Metadata Extraction and Indexing
Metadata Extraction
The Navigator Metadata Server extracts metadata for the following resource types.
Resource Type | Metadata Extracted |
---|---|
HDFS | HDFS metadata at the next scheduled extraction run after an HDFS checkpoint. If high availability is enabled, metadata is extracted as soon as it is written to the JournalNodes. |
Hive | Database, table, and query metadata from Hive lineage logs. See Managing Hive and Impala Lineage Properties. |
Impala | Database, table, and query metadata from the Impala Daemon lineage logs. See Managing Hive and Impala Lineage Properties. |
MapReduce | Job metadata from the JobTracker. The default setting in Cloudera Manager retains a maximum of five jobs; if you run more than five jobs between Navigator extractions, the Navigator Metadata Server extracts the five most recent jobs. |
Oozie | Oozie workflows from the Oozie Server. |
Pig | Pig script runs from the JobTracker or Job History Server. |
S3 | Bucket and object metadata. |
Spark | Spark job metadata from YARN logs. (Unsupported and disabled by default. To enable, see Enabling Spark Metadata Extraction.) |
Sqoop 1 | Database and table metadata from Hive lineage logs; job runs from the JobTracker or Job History Server. |
YARN | Job metadata from the ResourceManager. |
If an entity is created at time t0 in the system, that entity is extracted and linked in Navigator after the extraction poll period (10 minutes by default) plus a service-specific interval, as follows:
- HDFS: t0 + (extraction poll period) + (HDFS checkpoint interval (1 hour by default))
- HDFS + HA: t0 + (extraction poll period)

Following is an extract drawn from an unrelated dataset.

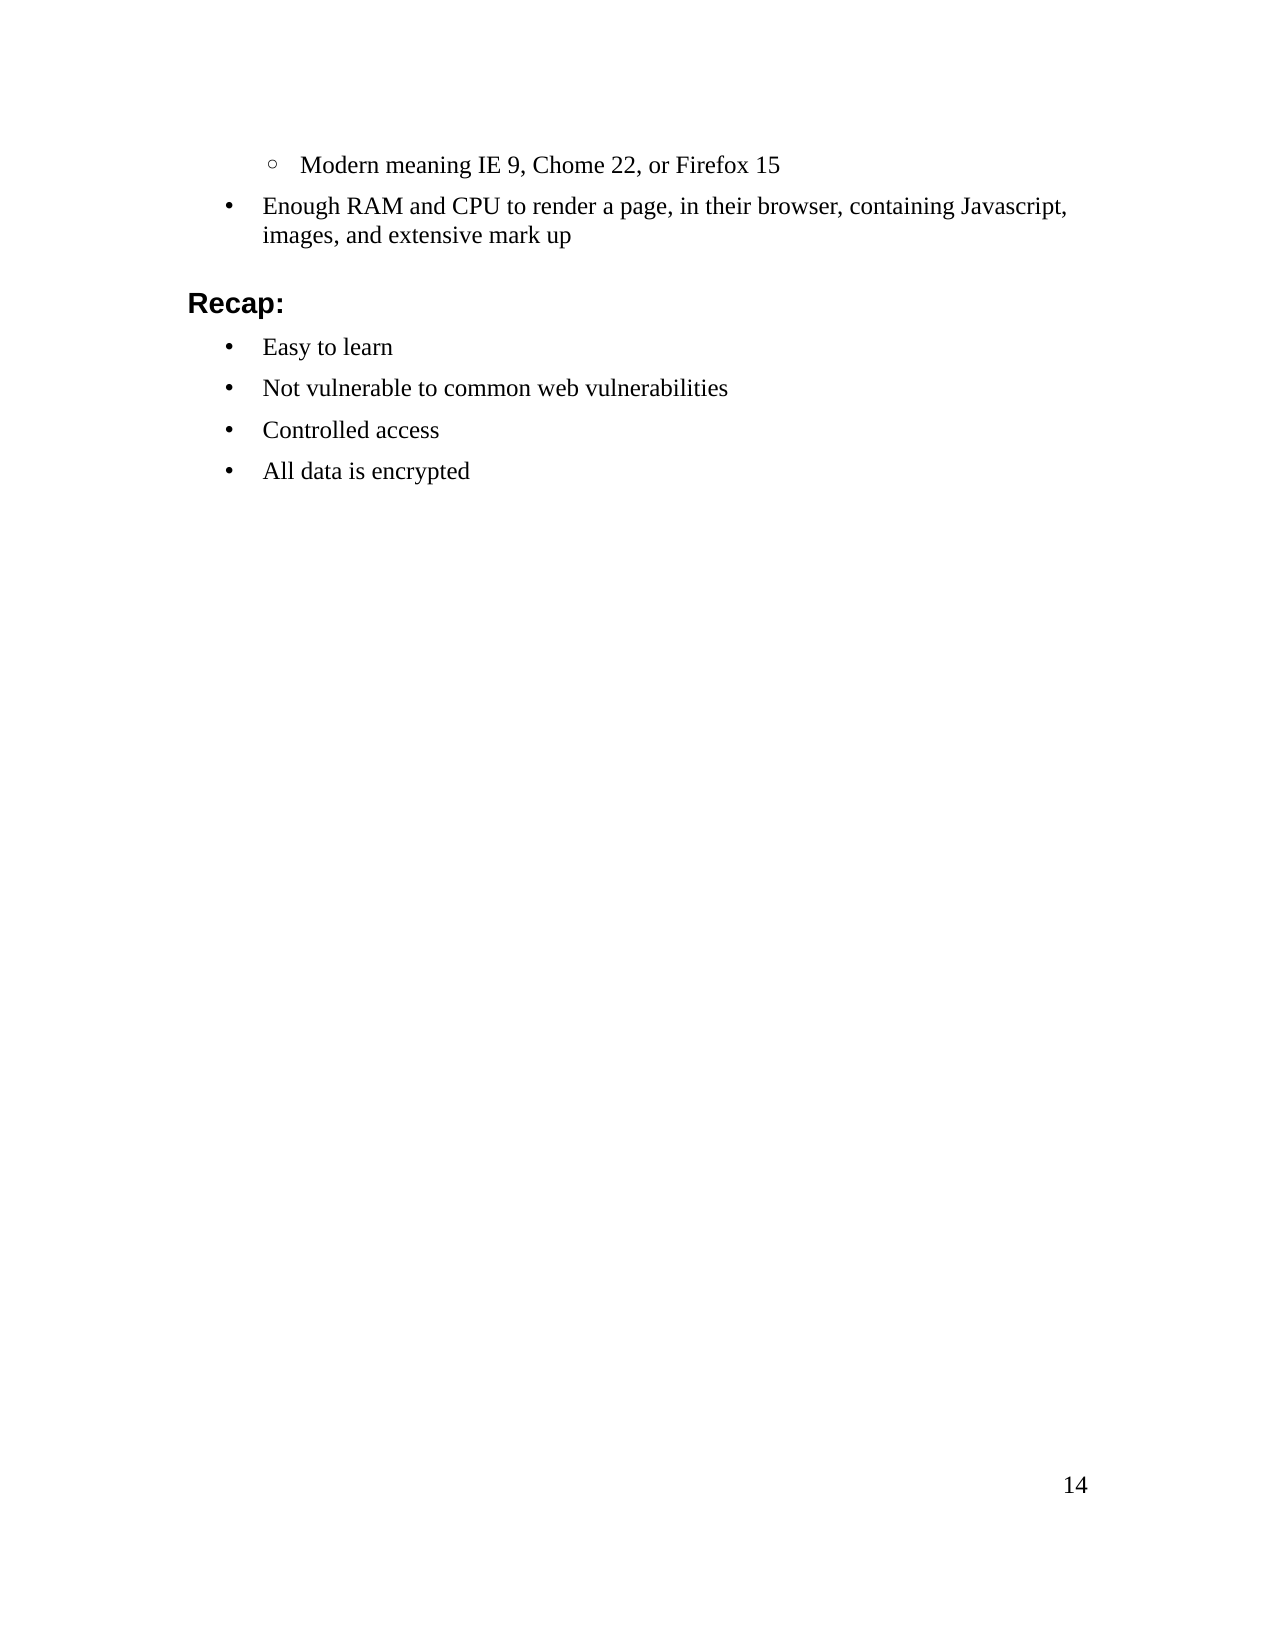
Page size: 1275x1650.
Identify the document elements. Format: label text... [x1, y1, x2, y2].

- Hive: t0 + (extraction poll period) + (Hive maximum wait time (60 minutes by default)
- Impala: t0 + (extraction poll period)
Metadata Indexing
After metadata is extracted, it is indexed and made available for searching by an embedded Solr engine. The Solr schema indexes two types of metadata: entity properties and relationships between entities.
You can search entity metadata using the Navigator UI and API. Relationship metadata is implicitly visible in lineage diagrams and explicitly available by downloading the lineage using the Cloudera Navigator Data Management API.